During this project, there was significant progress toward making the MPV a production sensor. The manufacturer overhauled and standardized the sensor hardware, producing a sensor head that is now relatively sturdy and maneuverable for an advanced classification system. The DAQ is smaller, lighter, and requires fewer batteries. The cued interrogation process is made simpler and more robust through use of 3D transmitters and immediate data inversion, which predicts the target parameters and ensures that high quality data are acquired at the correct location. Field practices have been tested and refined under a wide range of conditions. Technology transfer to industry has also started, with involvement and training of commercial field crews at each site (CH2MHill, Environet, and Parsons).
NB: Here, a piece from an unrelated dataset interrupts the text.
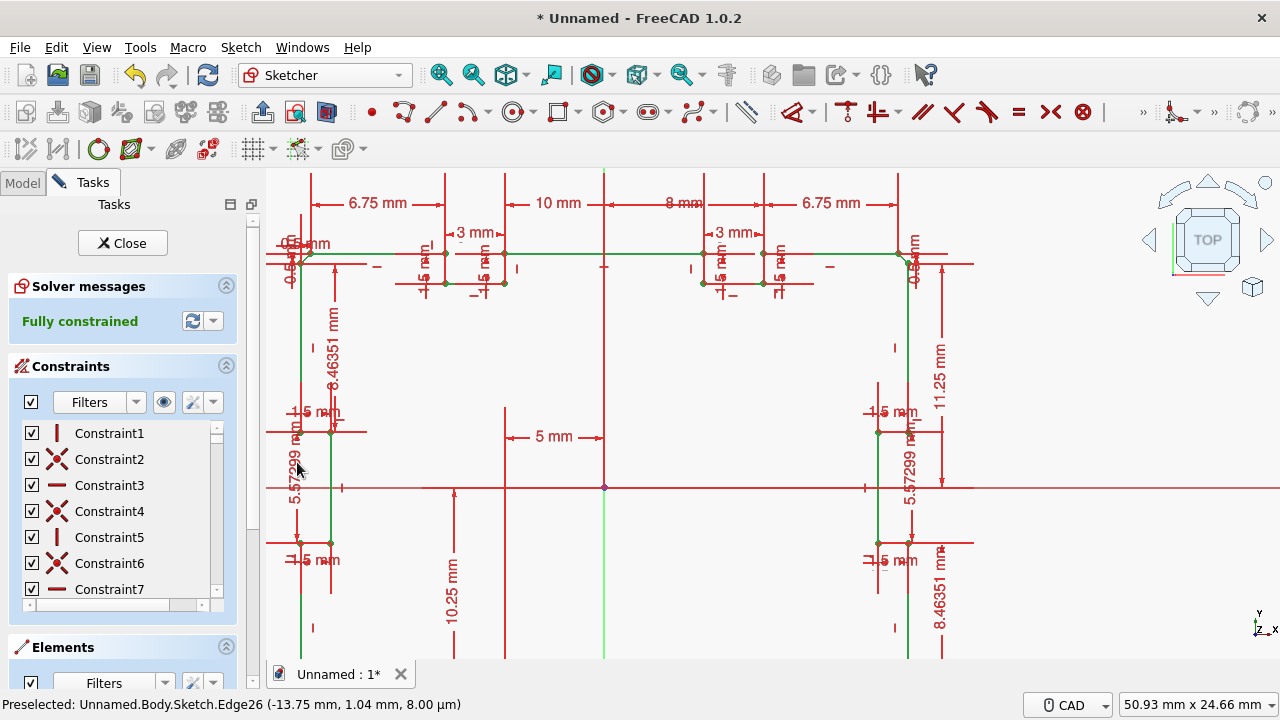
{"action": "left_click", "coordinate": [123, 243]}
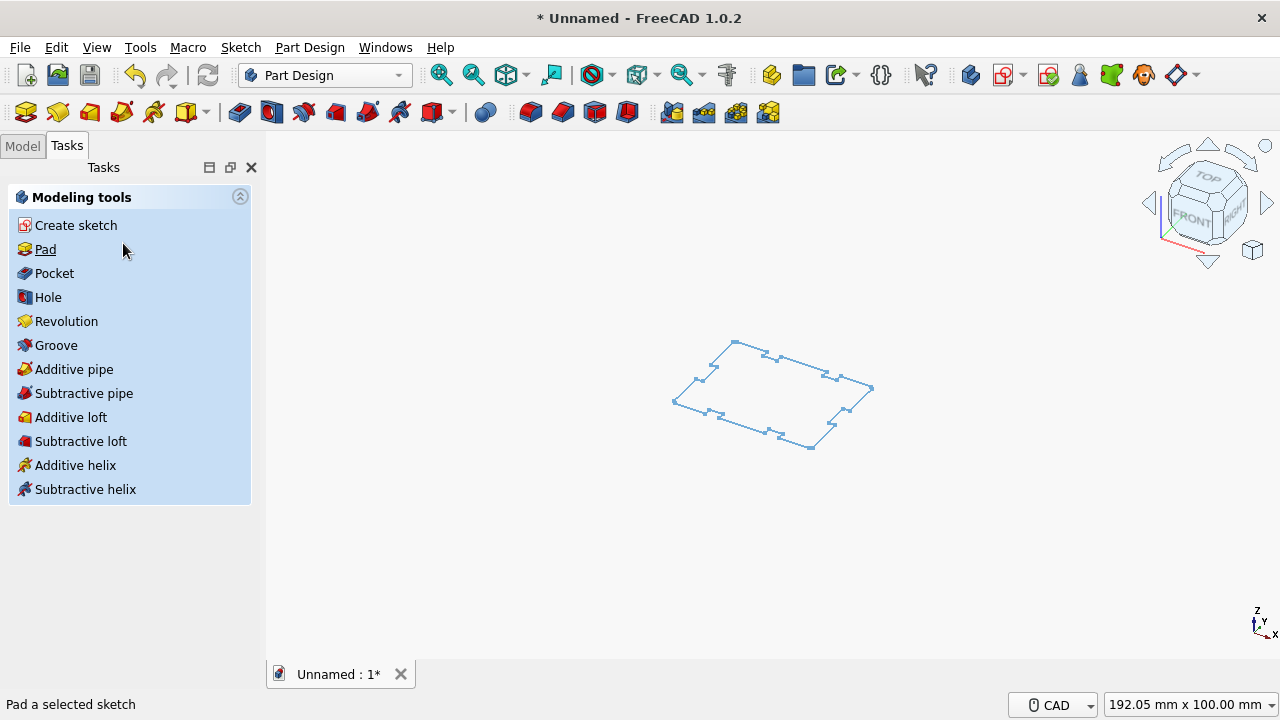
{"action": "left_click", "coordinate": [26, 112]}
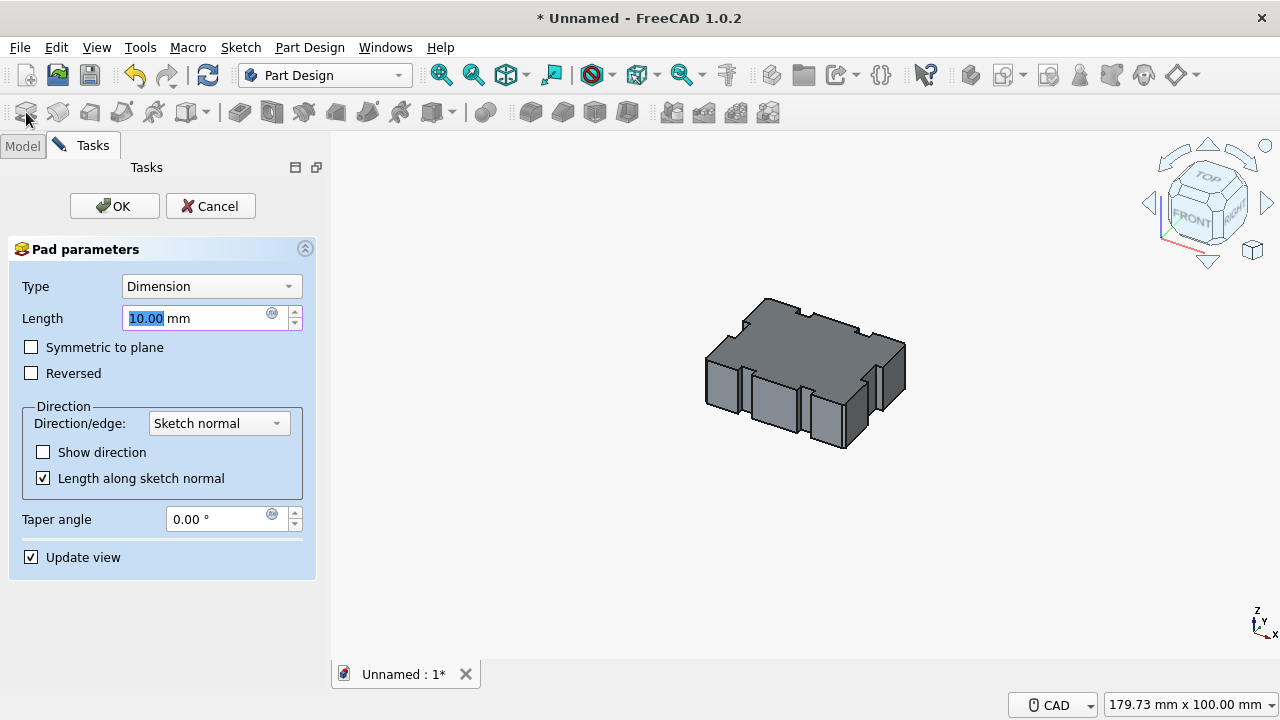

The technology, including hardware and software support, is commercially available from the manufacturer, who is actively working on a long-term solution for manufacturing and support. Durability is adequate for an advanced EMI system—no failure or instrument-caused field delay to report as of 2017. Portability and maneuverability allow access to most man-trafficable areas and offer higher coverage rates than larger sensors. However, this also makes the MPV technology more complex to operate. The operator must take care to keep the sensor head in line with the survey path to avoid creating gaps and must monitor sensor height above ground to guarantee detection at depth. A high-accuracy AHRS sensor is indispensable because the MPV head is not always aligned with the direction of travel (the head can be rotated and tilted). These aspects also affect data processing: variation in ground clearance can introduce varying background noise in geologically active environments and positioning issues, gaps, or deviations from straight lines cannot unequivocally be traced to issues with the operator path or the positioning system. Field procedures, data quality checks, and processing algorithms have been developed over the course of this project to mitigate these effects.

Finally, these demonstrations have shown that the MPV can be used at live-munitions sites and fulfill the objectives of full-coverage mapping, detection, and reliable classification of unexploded ordnance (UXO)—even in challenging environments with terrain, vegetation, geologic background, and urban structures.